Condivido ampiamente il giudizio di Alberto Asor Rosa sullo stadio di regressione politica cui è giunta l’Italia con le nefaste conseguenze prodotte per la democrazia e per la sinistra.
È vero che con l’aggiunta del renzismo al berlusconismo ed al grillismo ogni pilastro della democrazia si è contorto e se ne è svuotata l’essenza distorcendone la forma.

Snaturati i partiti politici deviandone la funzione, con la trasformazione della rappresentanza politica in investitura del capo, ogni frammento di sovranità popolare sarà assorbito dalla personalizzazione del potere che potrà rassicurare così il moloc della governabilità per la stabilità e la continuità dell’esistente.

La controrivoluzione del capitale, iniziata in Occidente quarant’anni fa si compie nel più fragile degli stati d’Europa, l’Italia, che espone un sistema politico privatizzato e la Costituzione contestata.

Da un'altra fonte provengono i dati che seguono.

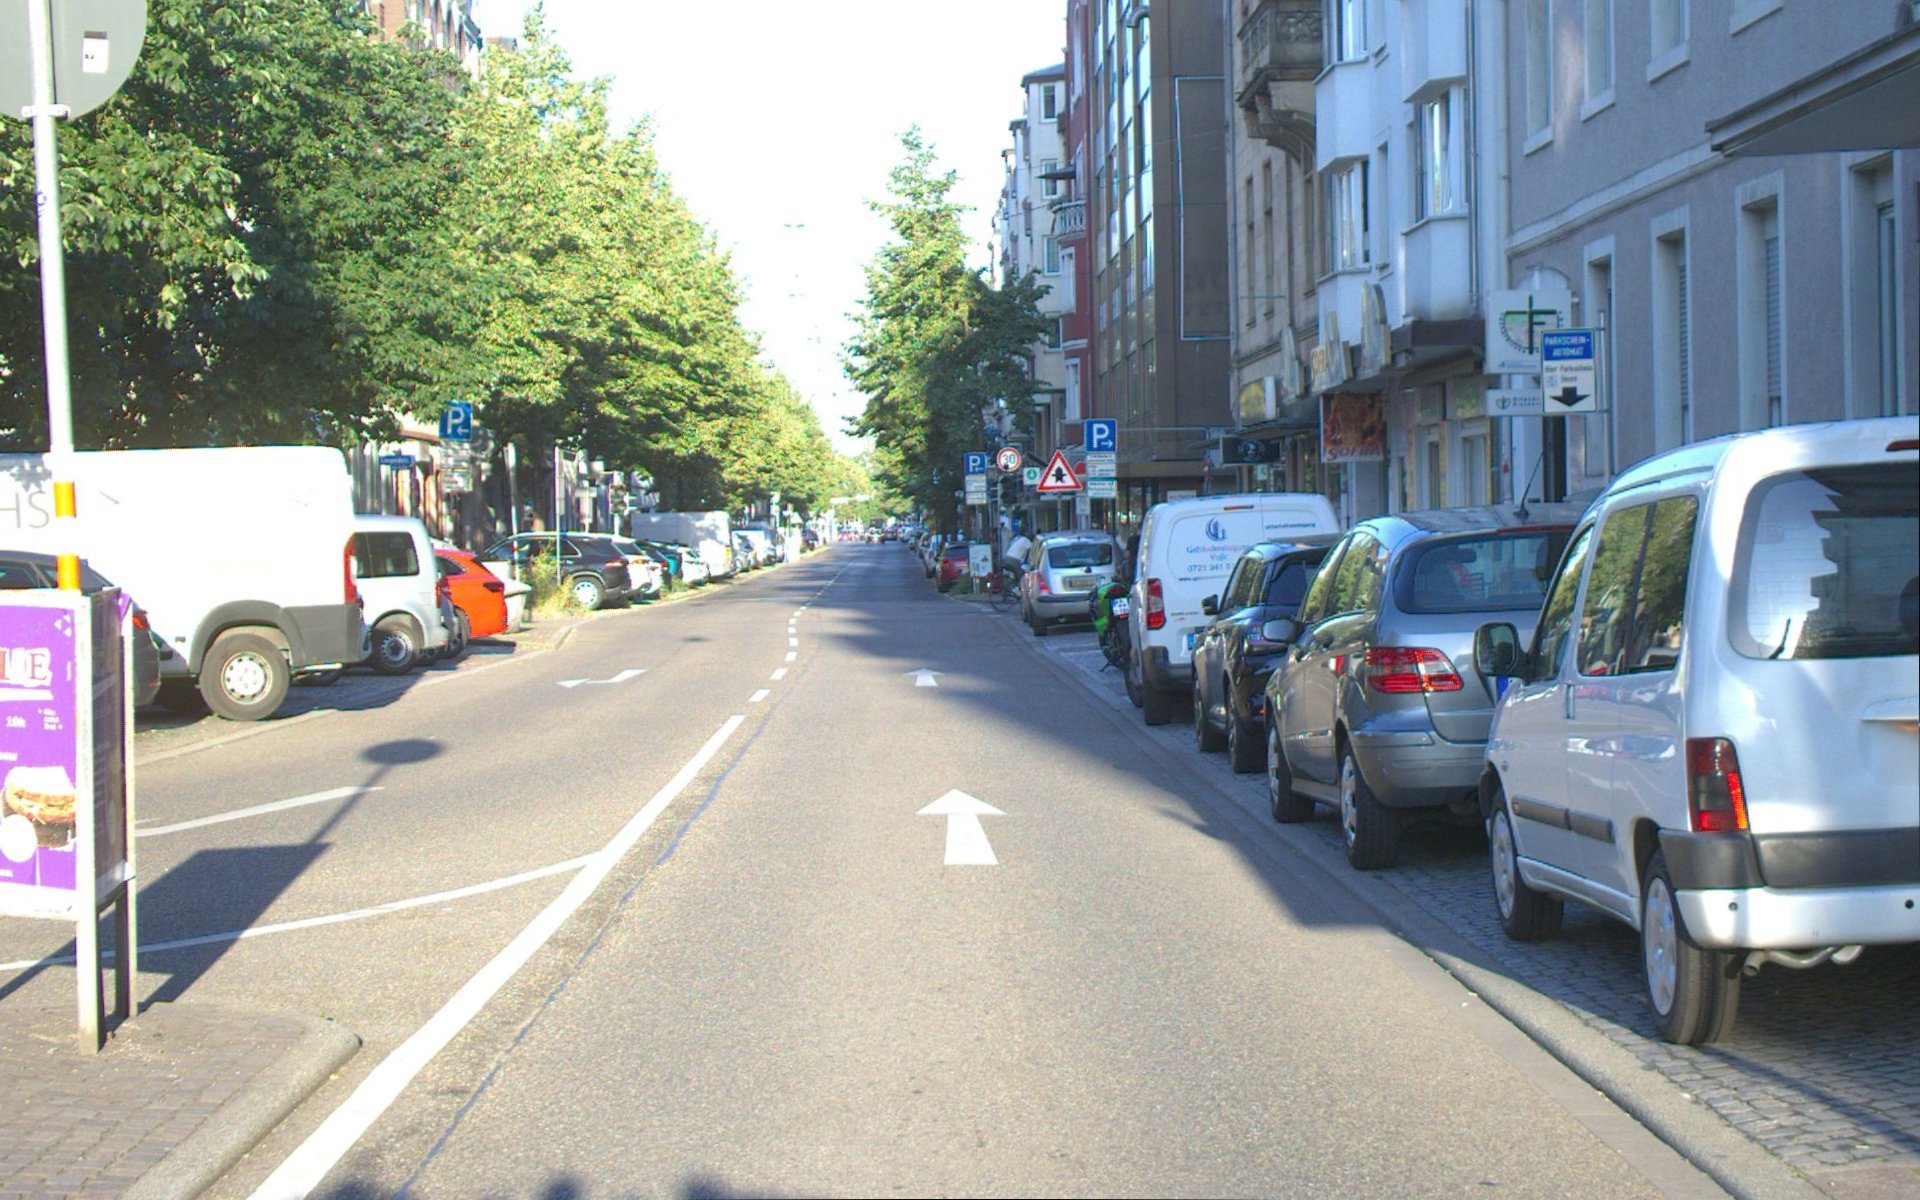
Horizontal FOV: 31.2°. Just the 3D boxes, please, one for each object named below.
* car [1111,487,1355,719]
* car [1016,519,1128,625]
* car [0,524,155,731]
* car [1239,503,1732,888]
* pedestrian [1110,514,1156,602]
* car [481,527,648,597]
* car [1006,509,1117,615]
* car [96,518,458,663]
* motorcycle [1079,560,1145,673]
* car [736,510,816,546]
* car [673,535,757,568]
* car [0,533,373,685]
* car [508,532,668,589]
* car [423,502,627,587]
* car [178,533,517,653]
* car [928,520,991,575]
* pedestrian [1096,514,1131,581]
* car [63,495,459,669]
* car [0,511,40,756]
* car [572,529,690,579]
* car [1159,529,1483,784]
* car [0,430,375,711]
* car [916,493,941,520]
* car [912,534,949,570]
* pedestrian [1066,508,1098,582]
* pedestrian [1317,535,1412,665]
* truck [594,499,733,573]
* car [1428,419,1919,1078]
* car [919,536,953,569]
[{"bbox_3d":[2.257,-0.040,29.366,1.710,1.828,4.306,0,2,0],"label":"car"},{"bbox_3d":[1.784,-0.483,55.637,1.680,1.555,4.000,-2,2,1],"label":"car"},{"bbox_3d":[-8.122,0.199,25.070,3.988,1.481,1.832,-1,2,-40],"label":"car"},{"bbox_3d":[2.436,0.361,16.887,1.656,1.659,4.108,0,1,-2],"label":"car"},{"bbox_3d":[3.270,-0.796,64.979,0.755,1.634,1.259,0,2,-2],"label":"pedestrian"},{"bbox_3d":[-9.831,-0.949,85.710,3.989,1.702,1.833,0,2,-1],"label":"car"},{"bbox_3d":[1.756,-0.694,60.551,1.696,1.763,4.001,-1,2,-2],"label":"car"},{"bbox_3d":[-8.375,-0.131,42.295,3.988,1.690,1.749,0,1,-37],"label":"car"},{"bbox_3d":[1.705,0.172,38.786,0.588,1.196,2.211,0,2,-2],"label":"motorcycle"},{"bbox_3d":[-8.804,-3.458,164.806,3.739,1.702,2.000,0,2,-1],"label":"car"},{"bbox_3d":[-11.236,-2.228,158.006,3.739,1.487,2.000,0,1,-1],"label":"car"},{"bbox_3d":[-8.288,0.061,35.506,3.988,1.487,1.849,0,1,-39],"label":"car"},{"bbox_3d":[-10.113,-1.077,93.618,4.174,1.502,2.000,0,1,-1],"label":"car"},{"bbox_3d":[-9.917,-1.279,78.697,4.448,1.828,2.034,0,4,-1],"label":"car"},{"bbox_3d":[-8.138,-0.120,45.716,3.987,1.480,2.000,-1,2,-30],"label":"car"},{"bbox_3d":[-0.038,-1.569,102.433,1.576,1.537,3.397,-3,1,-4],"label":"car"},{"bbox_3d":[3.922,-1.347,87.825,0.765,1.683,0.786,-2,2,-3],"label":"pedestrian"},{"bbox_3d":[-7.905,-0.246,39.004,3.988,1.871,1.871,-1,2,-37],"label":"car"},{"bbox_3d":[-8.055,0.208,21.851,3.872,1.577,1.802,0,1,-36],"label":"car"},{"bbox_3d":[-10.855,-1.521,113.509,3.739,1.590,2.000,0,1,-1],"label":"car"},{"bbox_3d":[2.339,0.311,23.145,1.667,1.539,3.883,0,2,-1],"label":"car"},{"bbox_3d":[-7.457,-0.260,28.755,4.598,2.243,2.203,0,1,-28],"label":"car"},{"bbox_3d":[-1.889,-5.579,205.095,1.308,1.594,2.661,0,1,-4],"label":"car"},{"bbox_3d":[-1.107,-1.797,128.062,1.206,1.296,2.661,0,1,-4],"label":"car"},{"bbox_3d":[3.124,-1.401,87.792,0.714,1.859,0.680,-1,2,-4],"label":"pedestrian"},{"bbox_3d":[4.714,-0.009,40.123,0.955,1.481,0.992,0,1,-1],"label":"pedestrian"},{"bbox_3d":[-10.764,-2.330,125.030,4.940,2.606,2.000,0,1,-1],"label":"truck"},{"bbox_3d":[2.773,0.356,11.412,1.792,1.785,4.092,-1,1,-1],"label":"car"},{"bbox_3d":[-0.946,-1.862,134.520,1.206,1.296,2.661,0,1,-4],"label":"car"}]

Delle due ipotesi che Asor Rosa prospetta come l’effettivo disegno politico di Renzi, credo che la seconda sia la più probabile. È già tutta nel progetto istituzionale che ha proposto e che persegue con ostentata intransigenza. Anche con motivata sicurezza.

C’è una invarianza nella storia d’Italia, è quella del trasformismo con vocazione per l’autoritarismo. Solo nel Parlamento italiano fu praticato l’uno ed è proprio in Italia che sbocciò quella forma di governo autoritario che, diffusasi nella prima metà del secolo scorso in tutta Europa, fu poi debellata, a metà di quel secolo, con la vittoria della democrazia. A proposito di regime autoritario va riferita una constatazione. L’anno scorso, nella commissione dei «saggi», chiamati a indicare la forma di governo da sostituire a quella vigente, fu mescolato un intruglio e lo si chiamò governo «parlamentare del primo ministro». L’aggettivo «parlamentare» era appiccicato con lo sputo. La contraddizione interna alla formula si stagliava con un’evidenza solare. Non ci si accorse, o non si sapeva, che proprio col nome di «governo del primo ministro» fu definita la forma di governo instaurata dal fascismo. Renzi la sta ammodernando, con l’autoritarismo elettivo.

Già per combattere questi disegni via via che si attuino, è incontestabile la necessità di un partito. Credo che prima ancora di decidere da come farlo nascere, se dall’alto, dal basso, dai fianchi, sia necessario un programma. La cui qualità è decisiva. Deve essere netto, chiaro, univoco, immediatamente comprensibile. Deve esplicitare chi è, dov’è il nemico, definendolo come tale e chiamandolo per nome. Dovrà dire quindi che il nemico è il neoliberismo, la forma contemporanea del capitalismo, responsabile sicuro del precariato permanente, della disoccupazione stagnante, della miseria crescente. Quel neoliberismo che si pone come imperativo delle politiche degli stati d’Europa perché è non soltanto il principio fondante di questa Europa, ma ne è anche l’obiettivo, ne è il presente e vuole e potrebbe esserne il futuro. È scritto nel Trattato sul funzionamento dell’Ue come suo vincolo, sia funzionale che di scopo. Lo si legge agli articoli 119 e 120. È l’economia di mercato aperta ed in libera concorrenza. Si dovrà dire subito che è a quell’altezza sovranazionale che si combatte il neoliberismo, ove si è collocato e da dove si diffonde negli stati per dominare efficacemente, direttamente e mediatamente, tutti i rapporti umani del Continente.

Vengo al concreto.

Una entità a sembianza di stato, come l’Ue, non può delegare il potere ai mercati affermandone l’autoregolazione. Deve riassumerlo tutto intero per esercitarlo sui mercati. Non può attribuire ad un organo esecutivo dei trattati vincolato solo ad essi, l’iniziativa esclusiva di ogni atto normativo, di ogni politica dell’Ue. Non può camuffare la quota di sovranità esercitata dai governi degli stati-membri nella indistinguibile composizione della collegialità per immunizzarli dalla responsabilità politica nei confronti dei rispettivi parlamenti e dei rispettivi popoli. Quella collegialità che elude le domande della democrazia e comprime i diritti sociali, garantendo i profitti. Renzi propone flessibilità delle norme dei trattati. Chiacchiere. Non le vuole cambiare. Le accetta. Accetta il fiscal compact, l’architettura istituzionale dell’Ue, il suo principio fondante. Accetta il deficit democratico formale e sostanziale di questa Europa.

Il tema che pongo non esaurisce certo il programma del partito da immaginare per rispondere alle domande attuali della democrazia e della civiltà umana. Ne potrebbe essere il nocciolo? Ne discutiamo?